TASK INSTRUCTIONS ->
Look for the word "none" in the entries and copy each line where it appears.

RECORDS SHOWN ->
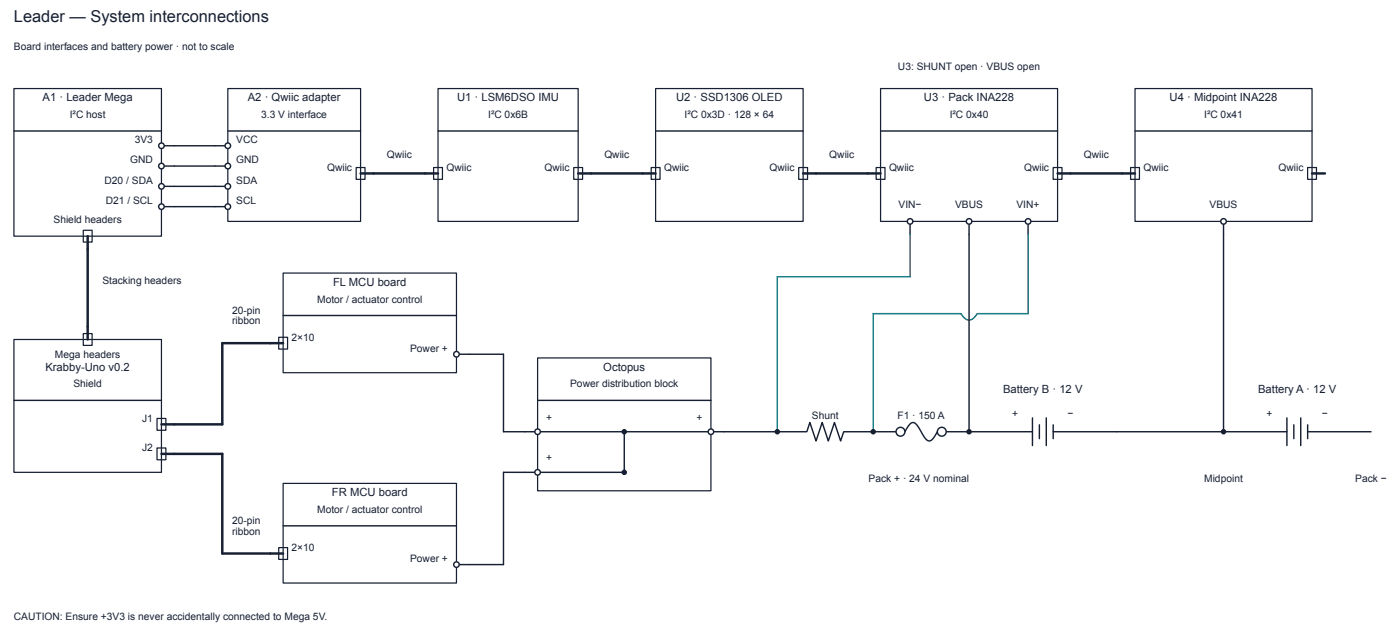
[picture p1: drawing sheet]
<svg xmlns="http://www.w3.org/2000/svg" width="482mm" height="220mm" viewBox="0 0 482 220" stroke-linecap="round" stroke-linejoin="round" font-family="sans-serif">
<defs><g id="words">
<text font-size="5.6" fill="#172033" x="4.8" y="7.6">Leader — System interconnections</text>
<g font-size="3.9" fill="#172033">
<text x="14.7" y="34.9">A1 · Leader Mega</text>
<text x="85.4" y="34.9">A2 · Qwiic adapter</text>
<text x="157.4" y="34.9">U1 · LSM6DSO IMU</text>
<text x="232.8" y="34.9">U2 · SSD1306 OLED</text>
<text x="318.2" y="34.9">U3 · Pack INA228</text>
<text x="402.8" y="34.9">U4 · Midpoint INA228</text>
<text x="114.7" y="98.4">FL MCU board</text>
<text x="15.6" y="127.6">Krabby-Uno v0.2</text>
<text x="207.8" y="127.6">Octopus</text>
<text x="345.4" y="135.3">Battery B · 12 V</text>
<text x="433.3" y="135.3">Battery A · 12 V</text>
<text x="114.3" y="170.8">FR MCU board</text>
</g>
<g font-size="3.5" fill="#172033">
<text x="4.8" y="17.1">Board interfaces and battery power · not to scale</text>
<text x="309.3" y="24.1">U3: SHUNT open · VBUS open</text>
<text x="24" y="40.6">I²C host</text>
<text x="89.9" y="40.6">3.3 V interface</text>
<text x="168.1" y="40.6">I²C 0x6B</text>
<text x="235.7" y="40.6">I²C 0x3D · 128 × 64</text>
<text x="327.1" y="40.6">I²C 0x40</text>
<text x="414.7" y="40.6">I²C 0x41</text>
<text x="46.4" y="49.3">3V3</text>
<text x="81.4" y="49.3">VCC</text>
<text x="44.8" y="56.3">GND</text>
<text x="81.4" y="56.3">GND</text>
<text x="112.6" y="58.8">Qwiic</text>
<text x="133.2" y="54.4">Qwiic</text>
<text x="153.8" y="58.8">Qwiic</text>
<text x="187.6" y="58.8">Qwiic</text>
<text x="208.1" y="54.4">Qwiic</text>
<text x="228.7" y="58.8">Qwiic</text>
<text x="265" y="58.8">Qwiic</text>
<text x="285.6" y="54.4">Qwiic</text>
<text x="306.2" y="58.8">Qwiic</text>
<text x="352.7" y="58.8">Qwiic</text>
<text x="373.2" y="54.4">Qwiic</text>
<text x="393.8" y="58.8">Qwiic</text>
<text x="440.3" y="58.8">Qwiic</text>
<text x="36" y="63.2">D20 / SDA</text>
<text x="81.4" y="63.2">SDA</text>
<text x="36.4" y="70.2">D21 / SCL</text>
<text x="81.4" y="70.2">SCL</text>
<text x="309.4" y="71.8">VIN−</text>
<text x="328.9" y="71.8">VBUS</text>
<text x="350.1" y="71.8">VIN+</text>
<text x="416.6" y="71.8">VBUS</text>
<text x="18.4" y="76.8">Shield headers</text>
<text x="35.3" y="97.8">Stacking headers</text>
<text x="109.2" y="104.1">Motor / actuator control</text>
<text x="79.9" y="108.1">20-pin</text>
<text x="79.9" y="111.6">ribbon</text>
<text x="100.4" y="117.2">2×10</text>
<text x="18.9" y="123.2">Mega headers</text>
<text x="141.2" y="121">Power +</text>
<text x="25.3" y="133.4">Shield</text>
<text x="196.4" y="133.4">Power distribution block</text>
<text x="348.6" y="143.5">+</text>
<text x="367.6" y="143.5">−</text>
<text x="436.2" y="143.5">+</text>
<text x="455.2" y="143.5">−</text>
<text x="49" y="145.2">J1</text>
<text x="188.1" y="144.8">+</text>
<text x="239.8" y="144.8">+</text>
<text x="279.6" y="144.1">Shunt</text>
<text x="309.1" y="144.1">F1 · 150 A</text>
<text x="49" y="155.3">J2</text>
<text x="188.1" y="158.8">+</text>
<text x="299.1" y="165.7">Pack + · 24 V nominal</text>
<text x="414.7" y="165.7">Midpoint</text>
<text x="466.7" y="165.7">Pack −</text>
<text x="109.2" y="176.5">Motor / actuator control</text>
<text x="79.9" y="180.5">20-pin</text>
<text x="79.9" y="184">ribbon</text>
<text x="100.4" y="189.6">2×10</text>
<text x="141.2" y="193.4">Power +</text>
<text x="4.8" y="213.4">CAUTION: Ensure +3V3 is never accidentally connected to Mega 5V.</text>
</g>
</g></defs>
<g fill="none" stroke="#172033" stroke-width=".42">
<path d="M4.8 30.5h50.8v50.8h-50.8zM78.5 30.5h45.7v45.7h-45.7zM150.8 30.5h48.3v45.7h-48.3zM225.8 30.5h50.8v45.7h-50.8zM303.2 30.5h61v45.7h-61zM390.9 30.5h60.9v45.7h-60.9zM122.7 57.7h3v4h-3zM149.3 57.7h3.1v4h-3.1zM197.6 57.7h3v4h-3zM224.3 57.7h3v4h-3zM275.1 57.7h3v4h-3zM301.7 57.7h3.1v4h-3.1z"/>
<path d="M362.7 57.7h3v4h-3zM389.4 57.7h3v4h-3zM450.3 57.7h3.1v4h-3.1zM28.7 79.2h3v4.1h-3zM97.5 94h59.7v34.3h-59.7zM4.8 116.8h50.8v45.8h-50.8zM28.7 114.8h3v4.1h-3zM96 116.1h3v4h-3zM185.1 123.2h59.7v45.7h-59.7zM54.1 144h3v4.1h-3zM54.1 154.2h3v4h-3zM97.5 166.4h59.7v34.3h-59.7z"/>
<path d="M96 188.5h3v4h-3z"/>
</g>
<path d="M313.4 80.6v14.6h-45.7v53.4M354 80.6v27.3h-17.5a3.6 3.6 0 0 1-3.1 2.3 4.2 4.2 0 0 1-2.5-2.3h-30.2v40.7" fill="none" stroke="#167b83" stroke-width=".49"/>
<g fill="none" stroke="#172033" stroke-width=".49">
<path d="M4.8 45.1h50.8M55.6 50.2h22.9M55.6 57.1h22.9M78.5 45.1h45.7M150.8 45.1h48.3M225.8 45.1h50.8M303.2 45.1h61M390.9 45.1h60.9M55.6 64.1h22.9M55.6 71.1h22.9M313.4 76.2v4.4M333.7 76.2v72.4"/>
<path d="M354 76.2v4.4M421.4 76.2v72.4M97.5 108.6h59.7M4.8 137.8h50.8M157.2 121.9h16.2v26.7h104.4l1.1-3.2 2.1 6.4 2.1-6.4 2.2 6.4 2.1-6.4 2.1 6.4 1-3.2h21.1l.9-1.6a1.99 1.99 0 0 1 2.6-1.4l.9 .9a17.8 17.8 0 0 0 3.6 5.2 2.85 2.85 0 0 0 2.7-2.3l.5-.8h10.9M185.1 137.8h59.7M215 148.6v14h-41.6v31.7h-16.2M333.7 148.6h21.9M355.6 143.8v9.6M357.9 146.2v4.8M360.3 143.8v9.6M362.7 148.6h80.5"/>
<path d="M362.7 146.2v4.8M443.2 143.8v9.6M445.6 146.2v4.8M447.9 143.8v9.6M450.3 148.6h21.9M450.3 146.2v4.8M97.5 181h59.7"/>
</g>
<path d="M124.2 59.7h26.6M199.1 59.7h26.7M276.6 59.7h26.6M364.2 59.7h26.7M451.8 59.7h4.5M30.2 81.3v35.5M97.5 118.1h-20.9v27.9h-21M55.6 156.2h21v34.3h20.9" fill="none" stroke="#172033" stroke-width=".85"/>
<g fill="#172033" stroke="#172033" stroke-width=".49">
<circle cx="333.7" cy="148.6" r=".7"/>
<circle cx="421.4" cy="148.6" r=".7"/>
</g>
<g fill="#fff" stroke="#172033" stroke-width=".49">
<circle cx="324.3" cy="148.6" r="1.52"/>
<circle cx="310.1" cy="148.6" r="1.52"/>
</g>
<g fill="#172033" stroke="#172033" stroke-width=".49">
<circle cx="300.7" cy="148.6" r=".7"/>
<circle cx="267.7" cy="148.6" r=".7"/>
<circle cx="215" cy="148.6" r=".7"/>
<circle cx="215" cy="162.6" r=".7"/>
</g>
<g fill="#fff" stroke="#172033" stroke-width=".49">
<circle cx="55.6" cy="50.2" r=".95"/>
<circle cx="78.5" cy="50.2" r=".95"/>
<circle cx="55.6" cy="57.1" r=".95"/>
<circle cx="78.5" cy="57.1" r=".95"/>
<circle cx="55.6" cy="64.1" r=".95"/>
<circle cx="78.5" cy="64.1" r=".95"/>
<circle cx="55.6" cy="71.1" r=".95"/>
<circle cx="78.5" cy="71.1" r=".95"/>
<circle cx="313.4" cy="76.2" r=".95"/>
<circle cx="333.7" cy="76.2" r=".95"/>
<circle cx="354" cy="76.2" r=".95"/>
<circle cx="421.4" cy="76.2" r=".95"/>
<circle cx="157.2" cy="121.9" r=".95"/>
<circle cx="157.2" cy="194.3" r=".95"/>
<circle cx="244.8" cy="148.6" r=".95"/>
<circle cx="185.1" cy="148.6" r=".95"/>
<circle cx="185.1" cy="162.6" r=".95"/>
</g>
<use href="#words"/>
</svg>

TASK RESPONSE ->
<g fill="none" stroke="#172033" stroke-width=".42">
<path d="M313.4 80.6v14.6h-45.7v53.4M354 80.6v27.3h-17.5a3.6 3.6 0 0 1-3.1 2.3 4.2 4.2 0 0 1-2.5-2.3h-30.2v40.7" fill="none" stroke="#167b83" stroke-width=".49"/>
<g fill="none" stroke="#172033" stroke-width=".49">
<path d="M124.2 59.7h26.6M199.1 59.7h26.7M276.6 59.7h26.6M364.2 59.7h26.7M451.8 59.7h4.5M30.2 81.3v35.5M97.5 118.1h-20.9v27.9h-21M55.6 156.2h21v34.3h20.9" fill="none" stroke="#172033" stroke-width=".85"/>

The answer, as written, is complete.